— by ROB COX —
Based on a graphic novel of the same name and directed by Jonathan Mostow, “Surrogates” achieves mixed results from a terrific premise.
Headlined by Bruce Willis, the film boasts solid performances with a story that offers mad scientists, military conspiracies and a global corporation bent on world domination using a product that renders people little more than sheep.
In the near future, after the creation of advanced, life-like automatons, human beings rarely venture outside their homes. Instead, using a neural interface that directly channels brain waves, the majority of the population live vicariously, hooked into custom-made, real-life avatars that are tailor-made to resemble the user. Through these avatars — called surrogates — users remotely access and interact with the world, experiencing all its sensations, including sight, sound, hearing, touch, smell and more.
Surrogates are the ultimate form of virtual reality and, best of all, have failsafes that protect the user against damage to the surrogate.
But surrogates may not be as safe as advertised.
After some brief exposition, the film opens with the killing of a surrogate by an advanced weapon that shatters the eyes and fries the CPU. Soon after, it’s revealed that the weapon also killed the user, something not previously thought possible.
FBI agent Greer (Willis) and his partner, Agent Peters (Radha Mitchell) — both hooked into surrogates themselves– are assigned to investigate. They’re stunned to learn the victim’s identity: Jarod Canter, son of Lionel Canter (James Cromwell), the scientist credited with inventing surrogates.
The case leads Greer to the isolated, slum-like settlement of a group known as the Dreads, who’ve rejected the use of surrogates as an abomination. Their leader, a man simply called The Prophet (Ving Rhames), is somehow involved and has knowledge of the unusual weapon used.
Greer needs to find that weapon quickly, as it poses a terrible threat. In the course of the investigation, Greer’s surrogate is destroyed, forcing him to unhook and directly interact with the world for the first time in years.
During his readjustment, Greer experiences profound claustrophobia and disorientation.
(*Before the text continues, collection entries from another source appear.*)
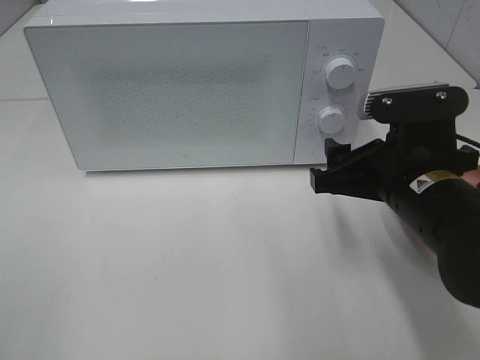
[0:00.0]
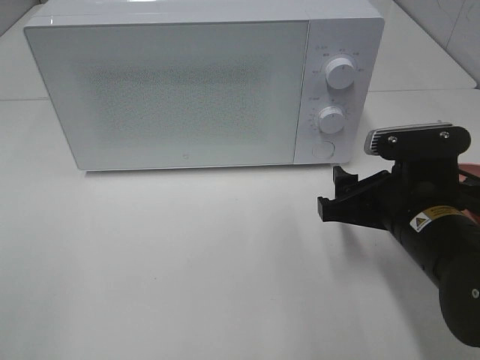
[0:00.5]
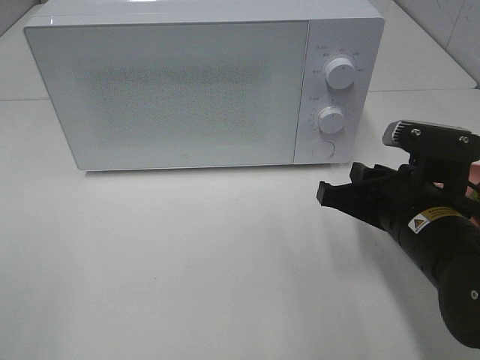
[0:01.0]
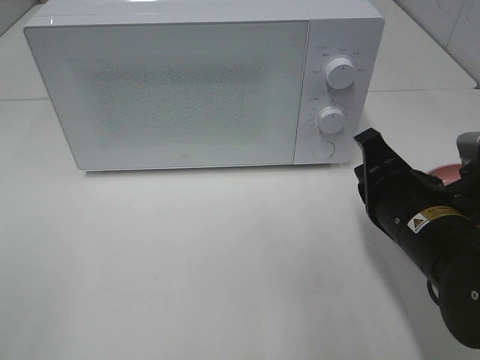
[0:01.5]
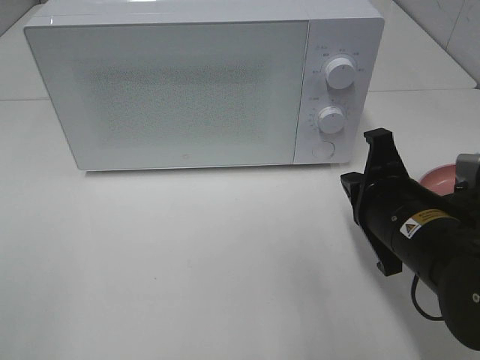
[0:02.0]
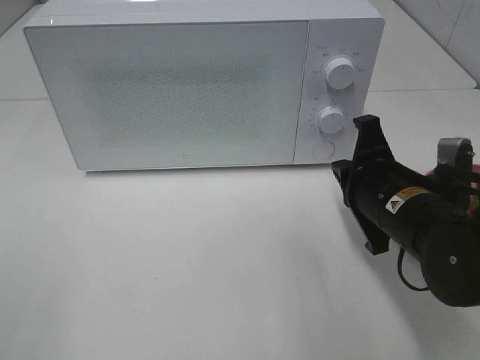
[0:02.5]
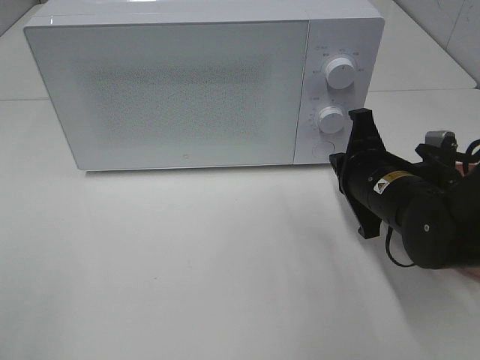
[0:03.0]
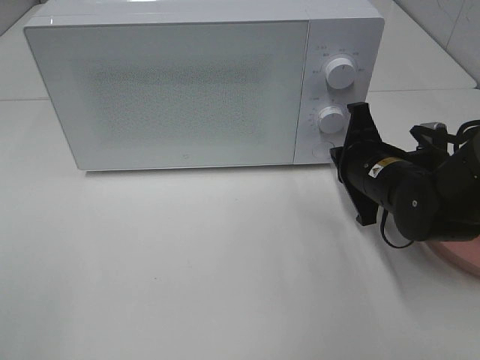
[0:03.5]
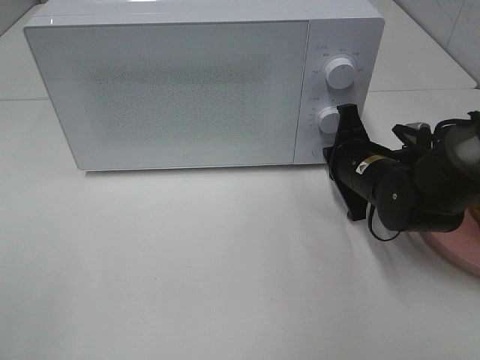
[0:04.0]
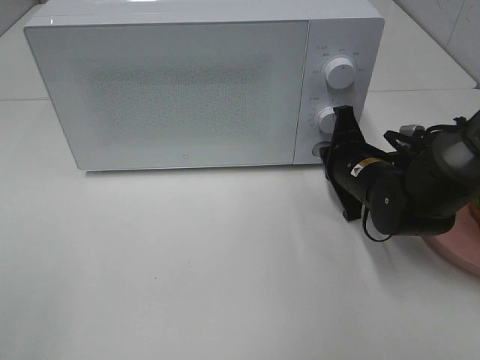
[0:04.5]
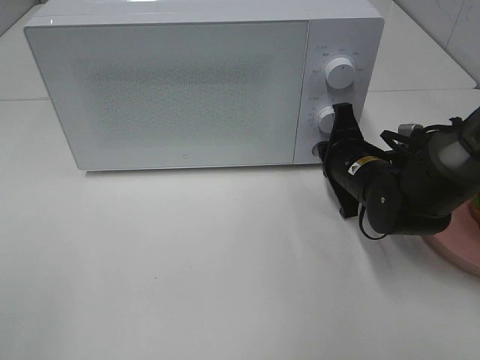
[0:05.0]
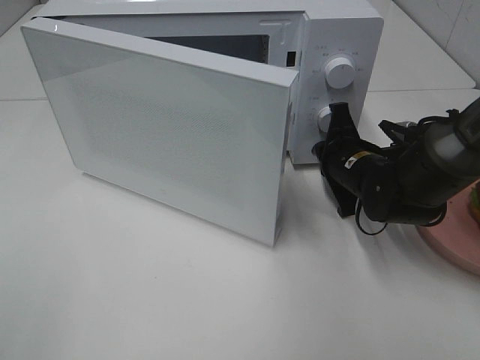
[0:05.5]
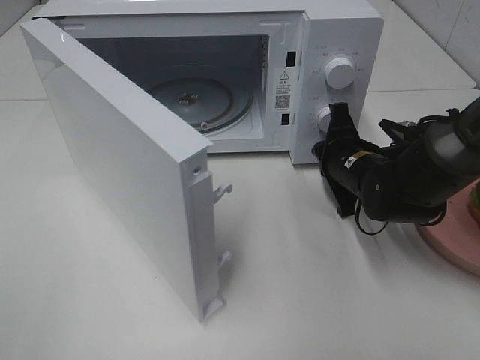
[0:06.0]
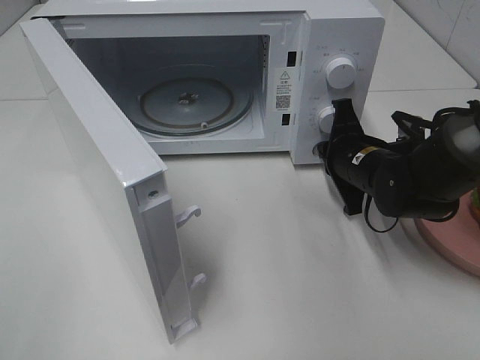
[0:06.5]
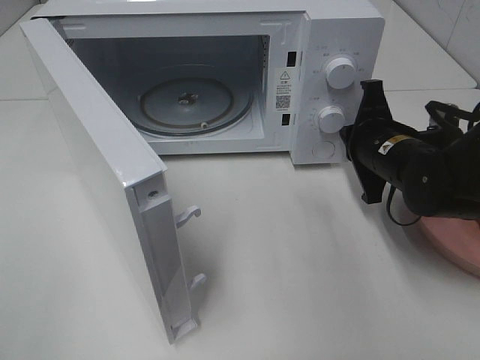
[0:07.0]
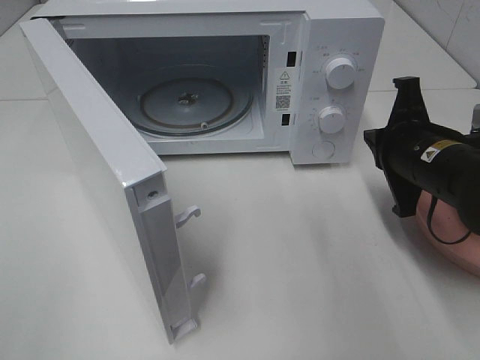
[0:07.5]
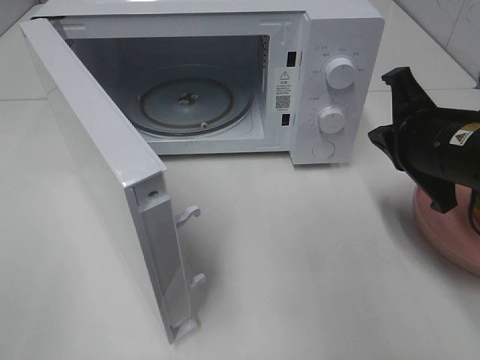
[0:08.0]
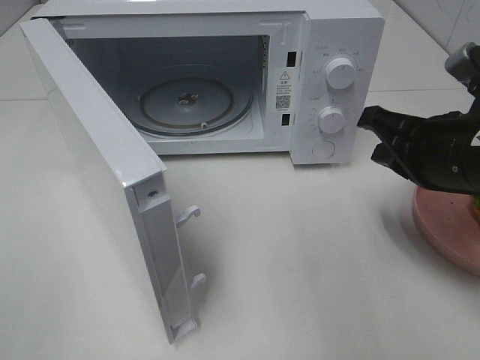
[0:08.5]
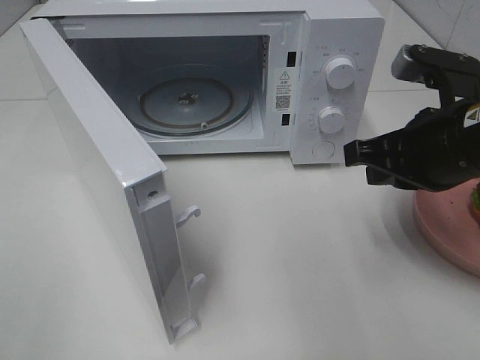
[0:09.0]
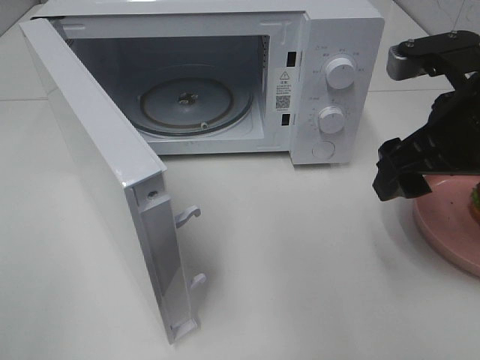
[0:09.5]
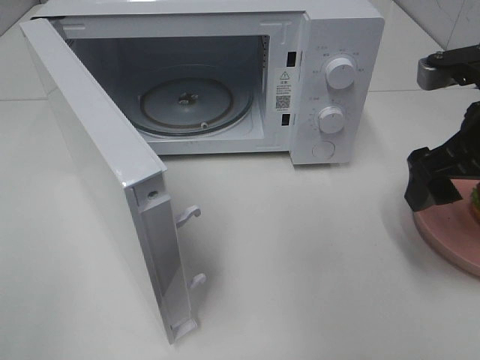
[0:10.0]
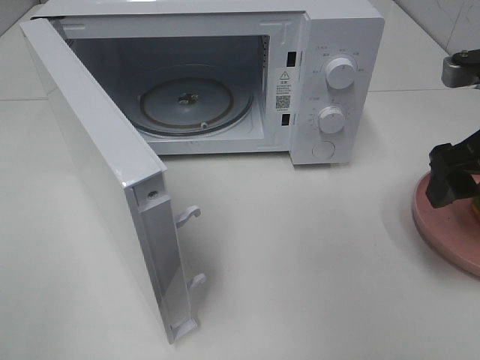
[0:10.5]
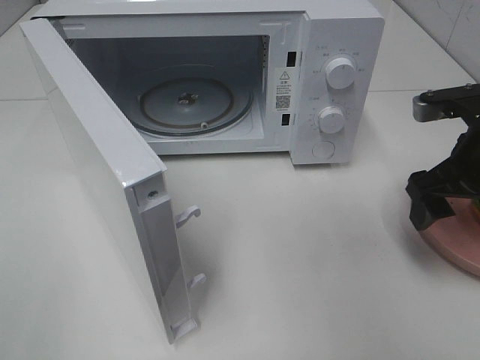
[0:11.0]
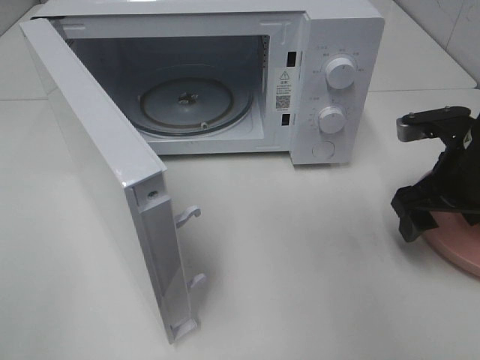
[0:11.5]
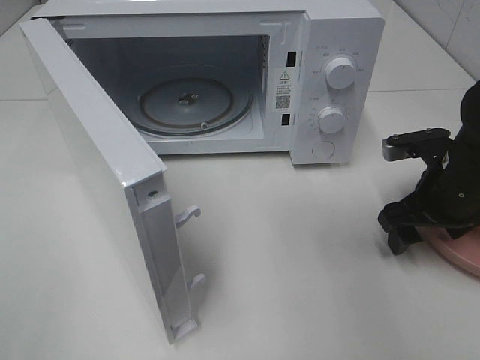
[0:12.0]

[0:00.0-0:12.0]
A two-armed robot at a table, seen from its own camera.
Task of the whole recording: Heat the burger.
Step, 0:00.0 to 0:06.5: Right hand: press the switch.
0:00.0 to 0:02.0: The right gripper closes up.
0:02.0 to 0:04.0: The right gripper goes about 10 cm forward.
0:06.0 to 0:08.0: The right gripper shifts approximately 15 cm upward and backward.
0:08.0 to 0:10.0: The right gripper heads upward, covering roughly 5 cm, and opens its fingers.
0:10.0 to 0:12.0: The right gripper heads downward and forward, covering about 15 cm.

Worse, his wife Maggie (Rosamund Pike) is so addicted to her surrogate that she refuses to unhook.
Here the film draws an intriguing parallel to our own hyper-connected, ultra-wired world. The automatons of Surrogates could easily be equated with the internet, with cell phones, email, iPods and other addictive technologies that depersonalize even as they make life easier.
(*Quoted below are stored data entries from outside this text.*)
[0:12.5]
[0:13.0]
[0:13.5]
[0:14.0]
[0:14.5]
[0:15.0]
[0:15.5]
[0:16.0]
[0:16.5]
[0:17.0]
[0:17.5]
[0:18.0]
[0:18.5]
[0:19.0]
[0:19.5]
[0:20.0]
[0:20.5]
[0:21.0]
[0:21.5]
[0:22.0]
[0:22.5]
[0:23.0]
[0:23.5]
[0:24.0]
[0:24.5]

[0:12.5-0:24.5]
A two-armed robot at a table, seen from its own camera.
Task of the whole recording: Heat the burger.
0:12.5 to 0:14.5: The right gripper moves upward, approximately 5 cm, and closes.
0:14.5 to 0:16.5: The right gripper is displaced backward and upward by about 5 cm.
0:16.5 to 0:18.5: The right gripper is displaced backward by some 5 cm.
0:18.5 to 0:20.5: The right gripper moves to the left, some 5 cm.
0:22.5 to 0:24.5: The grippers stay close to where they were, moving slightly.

There are some entertaining plot twists too, most involving the facts that surrogates don’t always resemble their users and that multiple users can access the same surrogate.
Ultimately, though, “Surrogates” is hampered by both a script that is, at times, hammy and by protracted action sequences, causing it to fall short of the emotional resonance it aims for.
The film’s pretty to look at, though, with glossy special effects and appealing production values; the surrogates themselves are duly creepy too, with a synthetic look that’s far too perfect for human, constantly reminding that surrogates are little more than high-tech appliances.
The film held my interest throughout, but, perhaps most telling of all, it felt longer than its 89-minute runtime.
Overall, “Surrogates” amounts to decent popcorn entertainment that arrived about a month too late. It’s an enjoyable, mostly disposable film that won’t linger long in memory.